The advantages of scleral buckling operations are many. After the usual diathermy or classical scleral resection the sclera becomes weak and is prone to rupture after reoperation. In scleral buckling, the diathermized sclera is buried underneath the poyethylene tube, thus preventing adhesions to Tenon's capsule and minimises accidental rupture during reoperations. Although the scleral buckling operation is a more traumatising operation than the diathermy coagulation or scleral resection, the trauma that is inflicted in the former is more to the sclera itself than to the choroid or the retina, which tissues are more traumatized in the latter operations. The diathermy applications in scleral buckling are restricted to the area of resection and are much less in intensity; while the same are applied over the intact sclera in simple diathermy operation and also in classical scleral resection. The latter requires a higher intensity of the current to be effective and subsequently causes more trauma to the vital tissues, i.e., the choroid and the retina. Secondly, reoperations are found to be much easier following the scleral buckling operation than following the usual diathermy or the classical resection.
| Vitreous Implant|| |
In two of our detachment cases, in spite of diathermy and scleral resection, the detachment recurred, became very high and total. Although the scleral buckling operation was the next choice, it was felt that if the vitreous can be injected in the hyaloid sac, so as to push the retina against the diathermized choroid, reattachment may take place. In both the cases, after doing the scleral buckling operation. the eye was still very soft and so 1 ml. of vitreous was injected into the vitreous. The vitreous was obtained fresh from Sir Duggan Govt. Eye Bank in Bombay. The reattachment took place in both cases regaining useful sight upto finger couting at 6 m to 6/60 for the patient.

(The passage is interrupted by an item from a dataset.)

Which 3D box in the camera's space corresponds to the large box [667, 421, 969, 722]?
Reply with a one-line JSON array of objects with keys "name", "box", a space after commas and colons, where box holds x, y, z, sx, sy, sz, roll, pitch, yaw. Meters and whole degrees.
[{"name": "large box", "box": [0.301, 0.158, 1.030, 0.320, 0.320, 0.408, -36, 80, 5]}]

It is no doubt that vitreous implant has an important place in detachment surgery. It is not useful in every case of detachment, but it is definitely useful as a mechanical aid to reattach retina in an appreciable percentage of cases. Even if the vitreous implant fails, the eye, as a rule is still operable.

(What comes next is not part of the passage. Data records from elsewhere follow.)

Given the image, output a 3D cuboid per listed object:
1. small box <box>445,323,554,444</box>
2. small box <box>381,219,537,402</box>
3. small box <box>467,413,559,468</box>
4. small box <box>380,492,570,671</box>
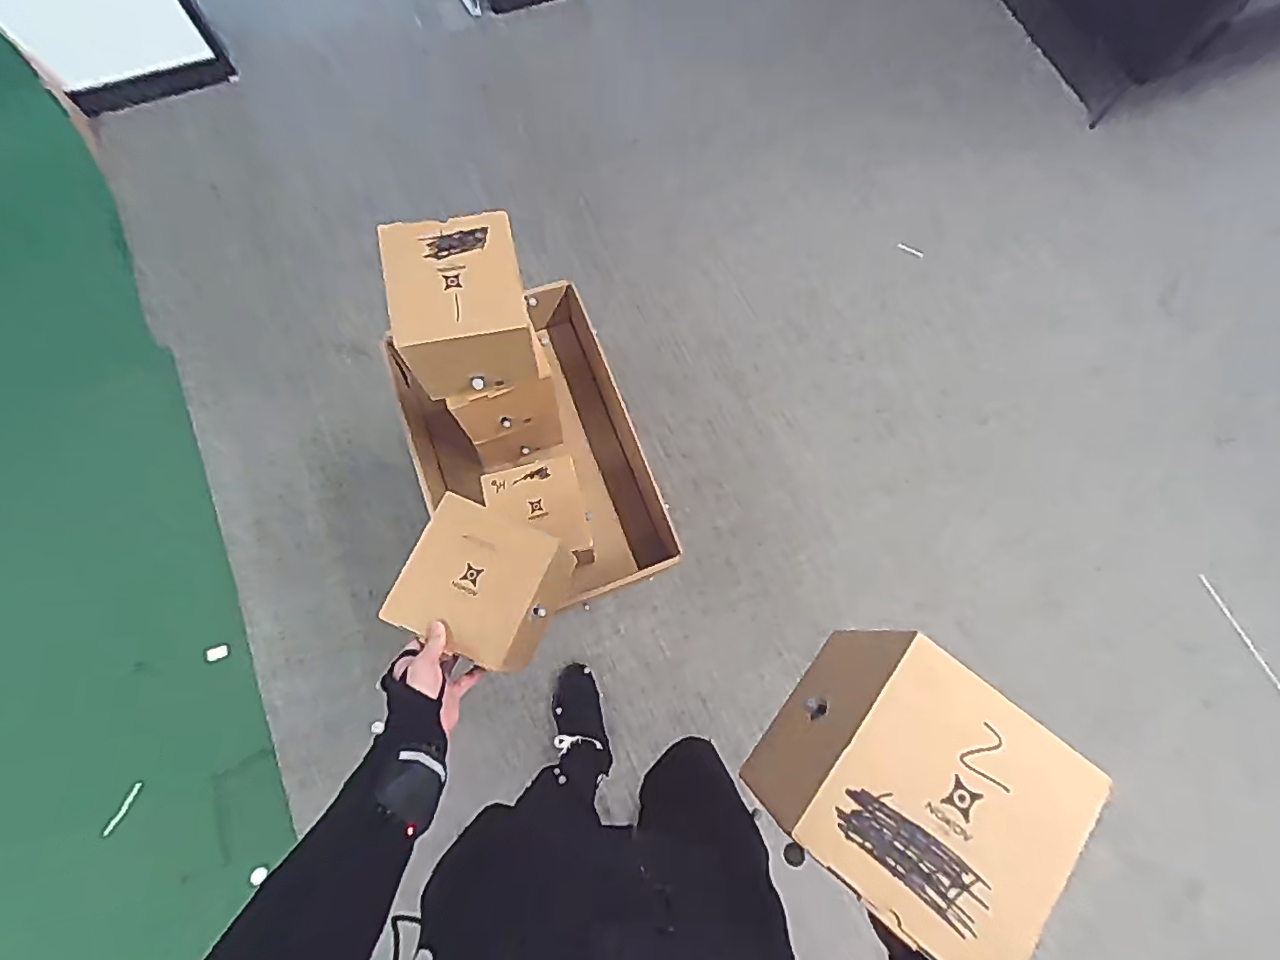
[{"bbox_3d":[-0.253,-0.185,0.919,0.168,0.176,0.179,-21,79,-11],"label":"small box"},{"bbox_3d":[-0.244,-0.230,0.761,0.168,0.176,0.179,-11,78,-8],"label":"small box"},{"bbox_3d":[-0.268,-0.146,1.076,0.168,0.176,0.179,-20,78,-10],"label":"small box"},{"bbox_3d":[-0.208,0.144,0.744,0.168,0.176,0.179,22,74,7],"label":"small box"}]

Much more experience is required as to determine the extent to which vitreous implant can be useful in detachment surgery.
| Summary|| |
Experiences in 41 cases of retinal detachment which have been operated by the different techniques indicated have been critically studied. Particular reference is made about the value of scleral buckling and vitreous implant in selected cases.
| Acknowledgment|| |
We are thankful to the Medical Officer in charge of Sir Duggan Government Eye Bank, Byculla, Bombay for supplying fresh vitreous in two of our cases.
| References|| |
Pischel D. K. A method of scleral resection for retinal detachment. In Schepens C. L. ed : Importance of vitreous body in Retina surgery with emphasis on Reoperations. St. Louis C. V. Mosby 1960 pp. 149-156.

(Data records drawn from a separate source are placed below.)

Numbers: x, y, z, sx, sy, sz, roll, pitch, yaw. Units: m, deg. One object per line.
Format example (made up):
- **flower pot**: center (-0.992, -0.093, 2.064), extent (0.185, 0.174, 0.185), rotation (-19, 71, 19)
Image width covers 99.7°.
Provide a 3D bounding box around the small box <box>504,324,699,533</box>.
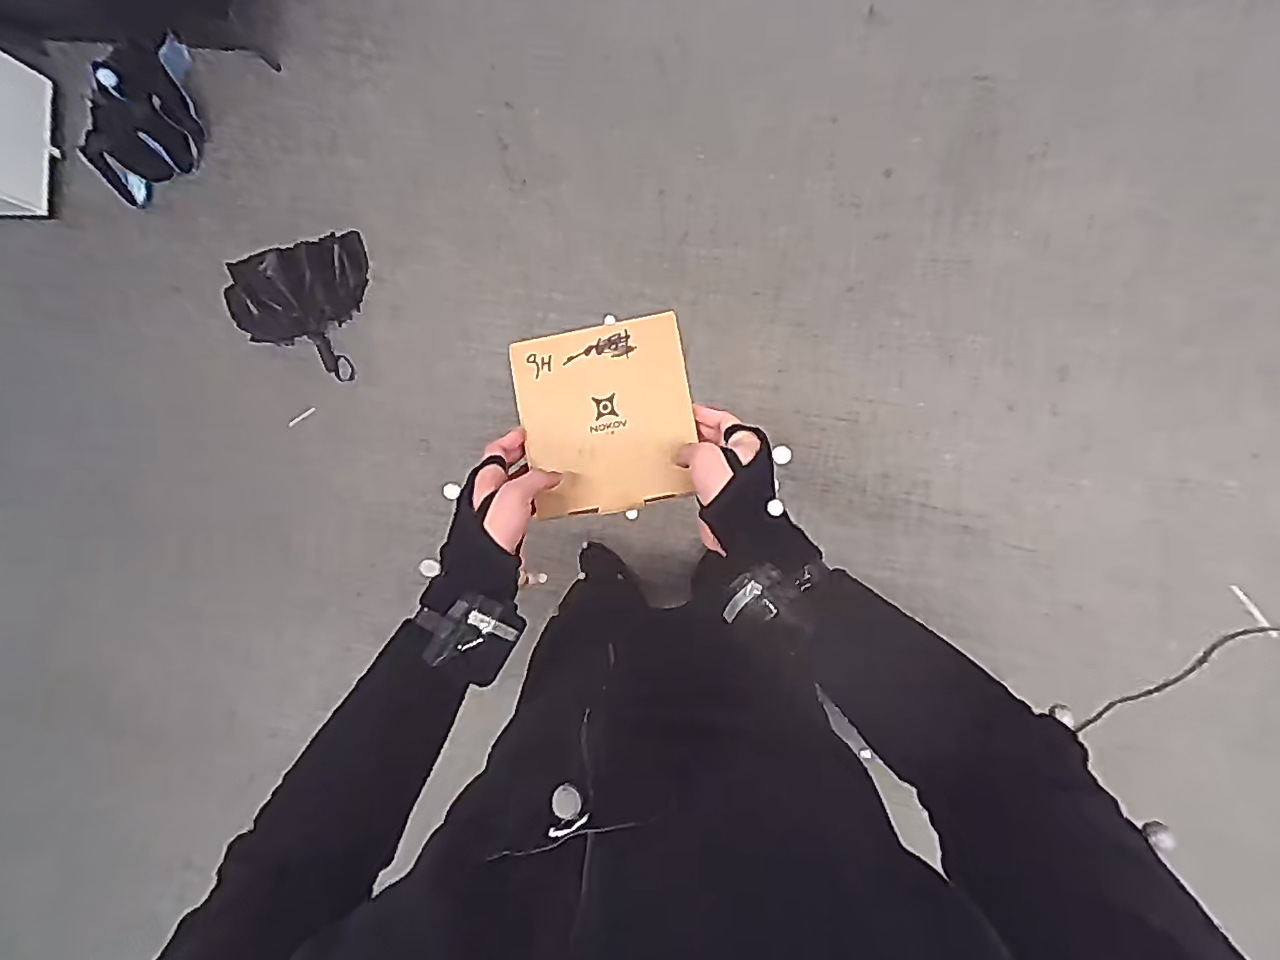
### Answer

Schepens C. L.. Okamura I. D. and Brockhurst R.J. (1957). A.M.A. Arch. Ophth 58: 797.
Okamura I. D., Schepens C. L. and Brockhurst R. J. (1959) A.M.A. Arch. Ophth. 62: 445.
Shafer D. M. Vitreous Implants in Retina Surgery. In Schepens C. L. ed : Importance of Vitreous body in Retina Surgery with emphasis on Reoperations. St. Louis C. V. Mosby 1960; pp. 131;138.
Stallard H. B.. Eye Surgery-3rd edition. John Wright & Sons Ltd.. Bristol --1958.
McAuley F.B. (1961) Transactions O.S. U.K. 80: 521-538.